Dataset records:

##########

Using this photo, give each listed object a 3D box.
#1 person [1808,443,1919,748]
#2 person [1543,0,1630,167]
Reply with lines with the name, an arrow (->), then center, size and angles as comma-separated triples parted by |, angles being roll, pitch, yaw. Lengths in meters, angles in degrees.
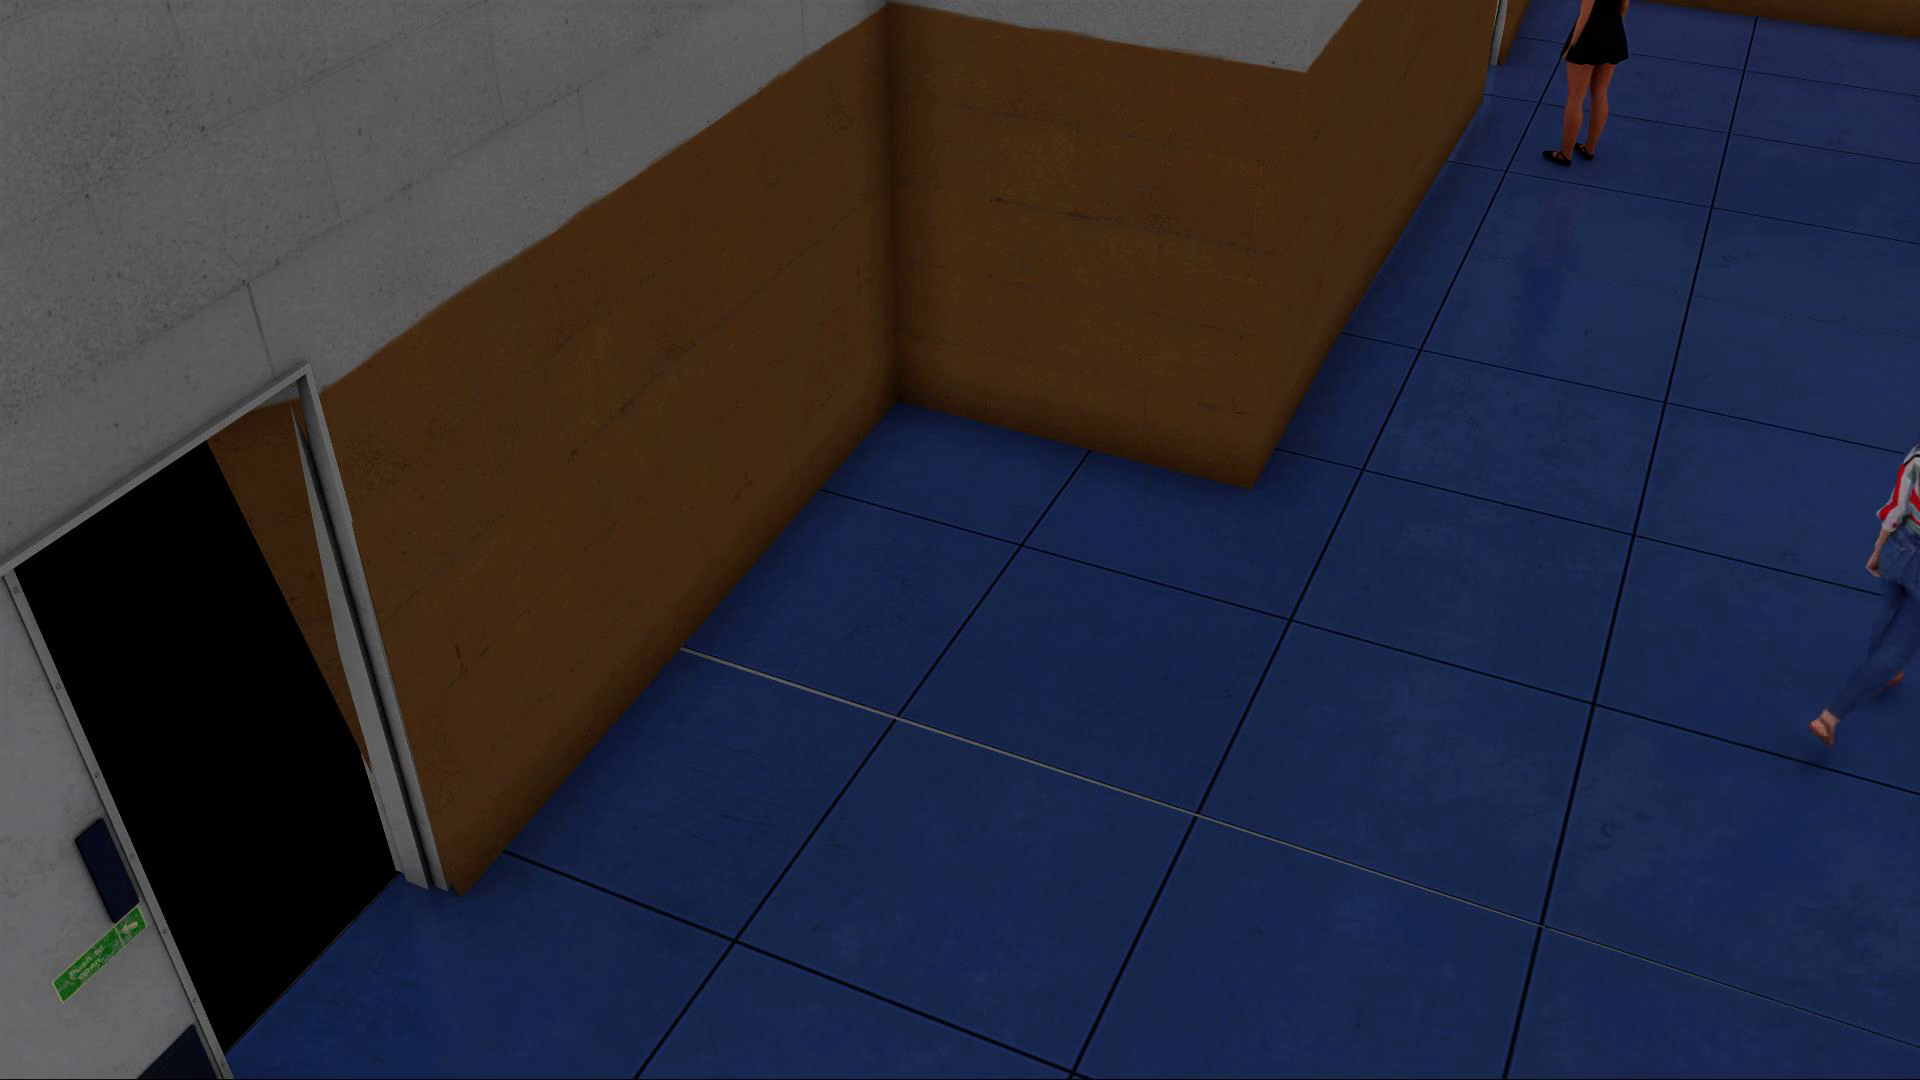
person -> 3.738, 0.149, 6.536 | 1.012, 1.587, 1.063 | -20, 41, -24
person -> 4.245, -3.333, 11.101 | 0.681, 1.677, 0.735 | -14, 39, -18

##########

Would you please print only the lines running from the one with "#2 person [1543,0,1630,167]" to the final line of the entries above, exactly as written and without pictures?

Response below:
#2 person [1543,0,1630,167]
Reply with lines with the name, an arrow (->), then center, size and angles as comma-separated triples parted by |, angles being roll, pitch, yaw. Lengths in meters, angles in degrees.
person -> 3.738, 0.149, 6.536 | 1.012, 1.587, 1.063 | -20, 41, -24
person -> 4.245, -3.333, 11.101 | 0.681, 1.677, 0.735 | -14, 39, -18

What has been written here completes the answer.